2. The circuit arrangement as claimed in claim 1, wherein the
second circuit is set up to transmit third data to the first
circuit by the first communication channel of the wire-based
interface.
3. The circuit arrangement as claimed in claim 2, wherein the third
data are data to be transmitted from the first circuit to a
communication device by the antenna.
4. The circuit arrangement as claimed in claim 1, wherein the first
communication channel and the second communication channel differ
in an initial sequence used for a data transmission.
5. The circuit arrangement as claimed in claim 1, wherein the first
communication channel and the second communication channel differ
in a carrier frequency used for a data transmission.
6. The circuit arrangement as claimed in claim 1, wherein the first
communication channel and the second communication channel differ
in a pulse frequency used for a data transmission.
7. The circuit arrangement as claimed in claim 1, wherein the first
communication channel and the second communication channel differ
in an amplitude used for a data transmission.
8. The circuit arrangement as claimed in claim 1, wherein the
second communication channel is set up as a bidirectional
communication channel.
9. The circuit arrangement as claimed in claim 1, wherein the first
circuit is a radio transmission front end.
10. The circuit arrangement as claimed in claim 1, wherein the
first circuit has a phase locked loop that is synchronized to the
communication device.
11. The circuit arrangement as claimed in claim 1, wherein the
other voltage level is a higher voltage level.
12. The circuit arrangement as claimed in claim 1, wherein the
second circuit is a secure element.
13. The circuit arrangement as claimed in claim 1, wherein the
second circuit is a near field communication security element.
14. The circuit arrangement as claimed in claim 1, further
comprising: a Subscriber Identity Module card or a microSD card
that contains the second circuit.
15. The circuit arrangement as claimed in claim 1, wherein the
first circuit is set up to detect whether the first data are
addressed to the circuit arrangement and is set up to transmit the
first data to the second circuit if the first data are addressed to
the circuit arrangement.
16. The circuit arrangement as claimed in claim 1, wherein the
first circuit is set up for wireless communication based on ISO/IEC
14443 by the antenna.
17. The circuit arrangement as claimed in claim 1, wherein the
first circuit implements a portion of the logic required for
wireless communication based on ISO/IEC 14443.
18. The circuit arrangement as claimed in claim 1, wherein the
interface implements a digital contactless bridge interface or an
advanced contactless bridge interface.
Description
CROSS-REFERENCE TO RELATED APPLICATION
[0001] This application claims priority to German Patent
Application Serial No. 10 2014 103 214.4, which was filed Mar. 11,
2014, and is incorporated herein by reference in its entirety.
TECHNICAL FIELD
[0002] Various embodiments relate generally to circuit
arrangements.
BACKGROUND
[0003] In a circuit arrangement for wireless communication, for
example for NFC (near field communication) communication, received
signals are typically amplified by a front end and forwarded to a
processing circuit.

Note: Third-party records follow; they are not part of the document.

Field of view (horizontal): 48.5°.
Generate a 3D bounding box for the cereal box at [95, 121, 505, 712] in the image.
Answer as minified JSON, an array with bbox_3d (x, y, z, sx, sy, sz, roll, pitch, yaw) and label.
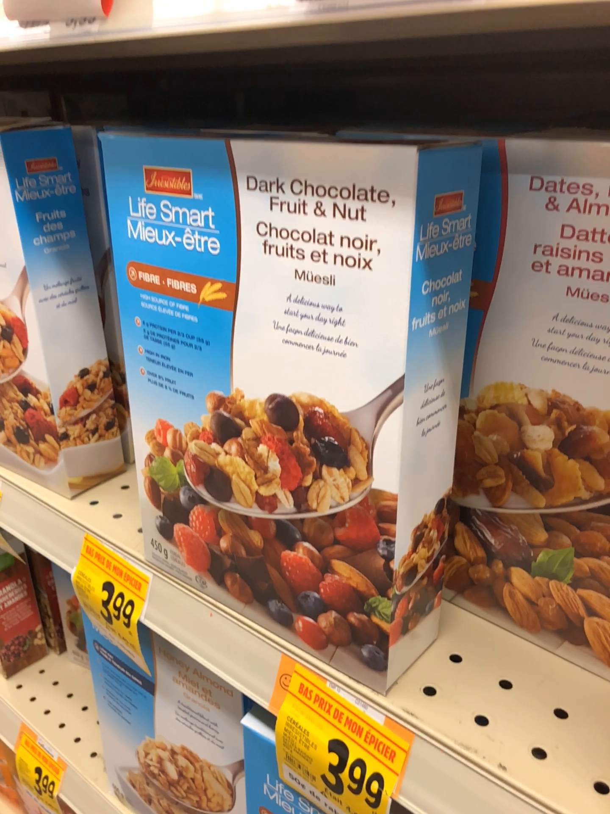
[{"bbox_3d":[-0.011,-0.004,0.319,0.171,0.238,0.050,18,29,35],"label":"cereal box"}]
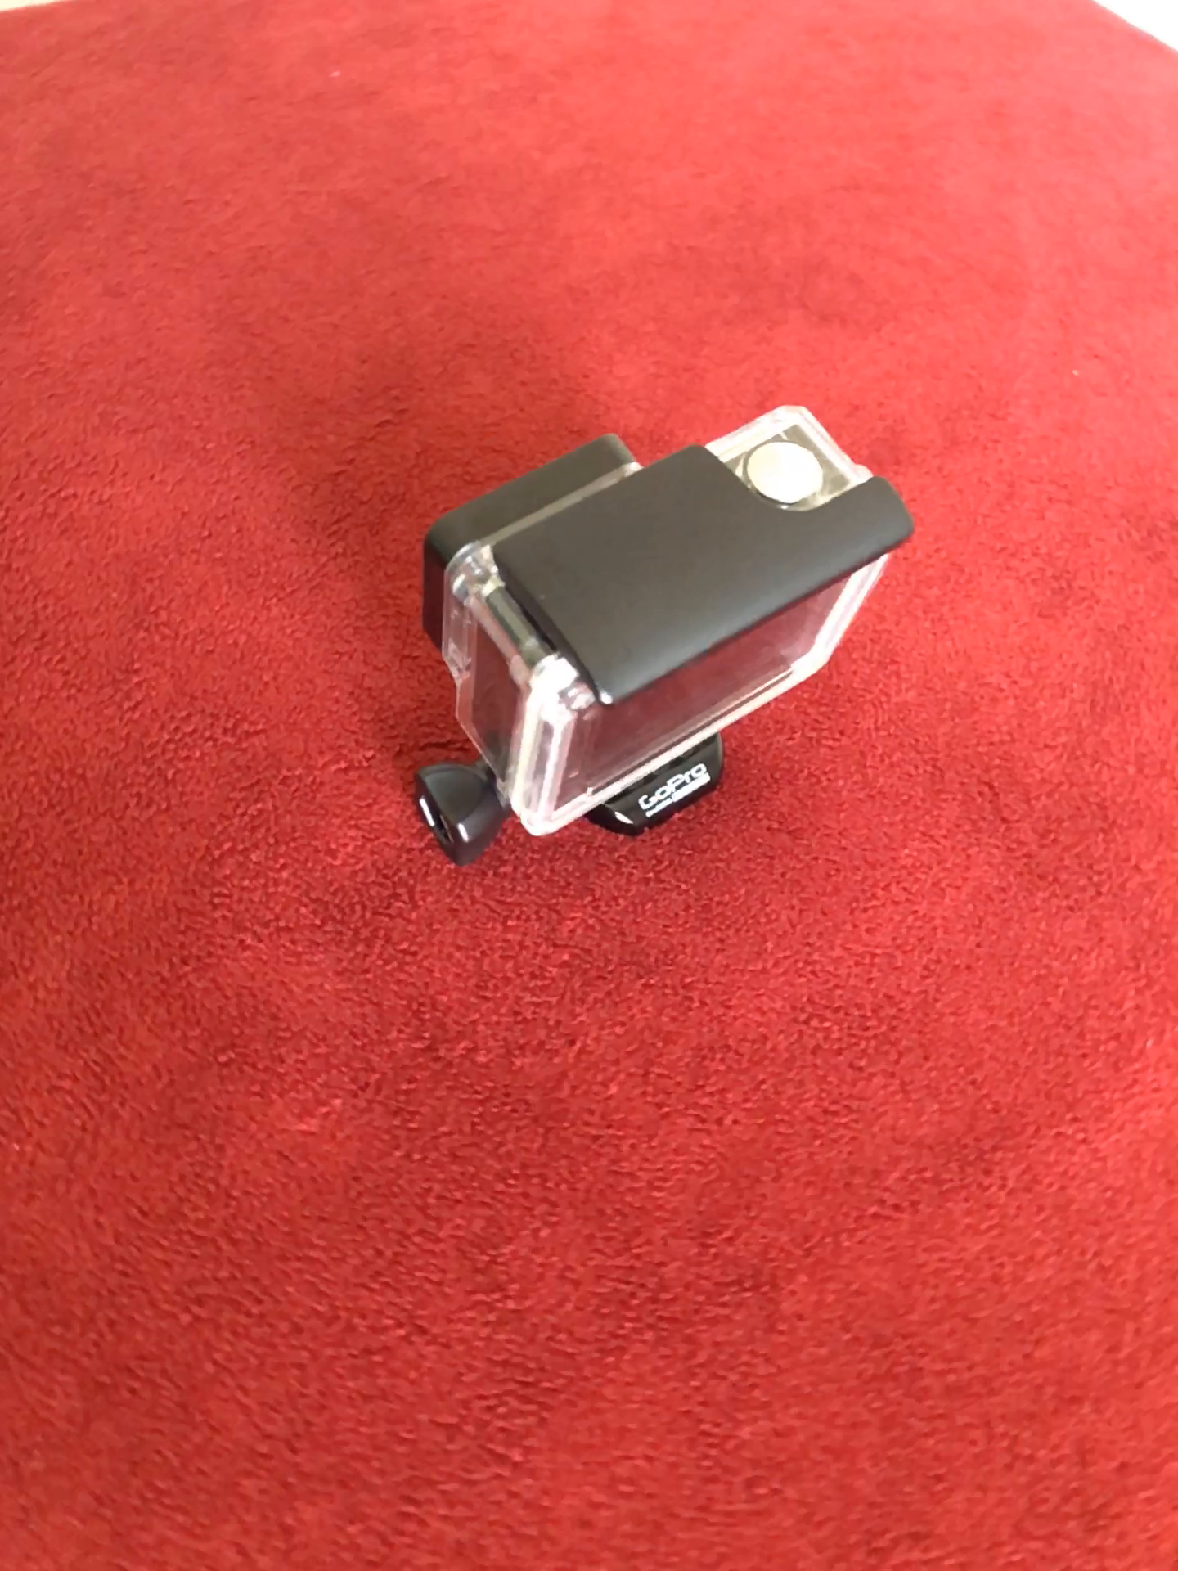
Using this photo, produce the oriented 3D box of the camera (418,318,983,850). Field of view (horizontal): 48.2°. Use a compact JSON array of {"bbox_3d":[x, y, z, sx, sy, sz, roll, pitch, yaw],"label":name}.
[{"bbox_3d":[0.015,-0.032,0.213,0.072,0.050,0.040,-29,72,-22],"label":"camera"}]

For some instances of application, it may be
desirable for there to be an option for the processing circuit to
reconfigure the front end, for example to set it to a different
communication type or a different bit rate. Accordingly,
arrangements that allow the transmission of data from one circuit
to another circuit, which amplifies received radio signals, are
desirable.
SUMMARY
[0004] A circuit arrangement is provided, having an antenna, a
first circuit coupled to the antenna and configured to receive an
antenna signal, which contains first data, and to process the
antenna signal, as a result of which it produces a processed
antenna signal having a different voltage level than that of the
antenna signal. The first data are data transmitted from a
communication device to the arrangement. The arrangement further
includes a second circuit coupled to the first circuit via a
wire-based interface. The first circuit is configured to transmit
the processed antenna signal to the second circuit by a first
channel of the wire-based interface and the second circuit is
configured to transmit second data to the first circuit by a second
channel of the wire-based interface. The first channel and the
second channel are different. The second data are configuration
data for configuring the first circuit.
BRIEF DESCRIPTION OF THE DRAWINGS
[0005] In the drawings, like reference characters generally refer
to the same parts throughout the different views. The drawings are
not necessarily to scale, emphasis instead generally being placed
upon illustrating the principles of the invention. In the following
description, various embodiments of the invention are described
with reference to the following drawings, in which:
[0006] FIG. 1 shows a communication arrangement according to one
embodiment;
[0007] FIG. 2 shows a circuit arrangement according to one
embodiment;
[0008] FIG. 3 shows a communication arrangement;
[0009] FIG. 4 shows a signal diagram that illustrates the
realization of the second communication channel by time-division
multiplexing with coding infringement;
[0010] FIG. 5 shows a signal diagram that illustrates the
realization of the second communication channel by time-division
multiplexing by a special auxiliary carrier;
[0011] FIG. 6 shows a signal diagram that illustrates the
realization of the second communication channel by amplitude
modulation;
[0012] FIG. 7 shows a signal diagram that illustrates the
realization of a bidirectional second communication channel by
amplitude modulation; and
[0013] FIG. 8 shows a signal diagram that illustrates a further
example of the realization of the second communication channel by
time-division multiplexing.
DESCRIPTION
[0014] The following detailed description refers to the
accompanying drawings that show, by way of illustration, specific
details and embodiments in which the invention may be
practiced.
[0015] The word "exemplary" is used herein to mean "serving as an
example, instance, or illustration". Any embodiment or design
described herein as "exemplary" is not necessarily to be construed
as preferred or advantageous over other embodiments or designs.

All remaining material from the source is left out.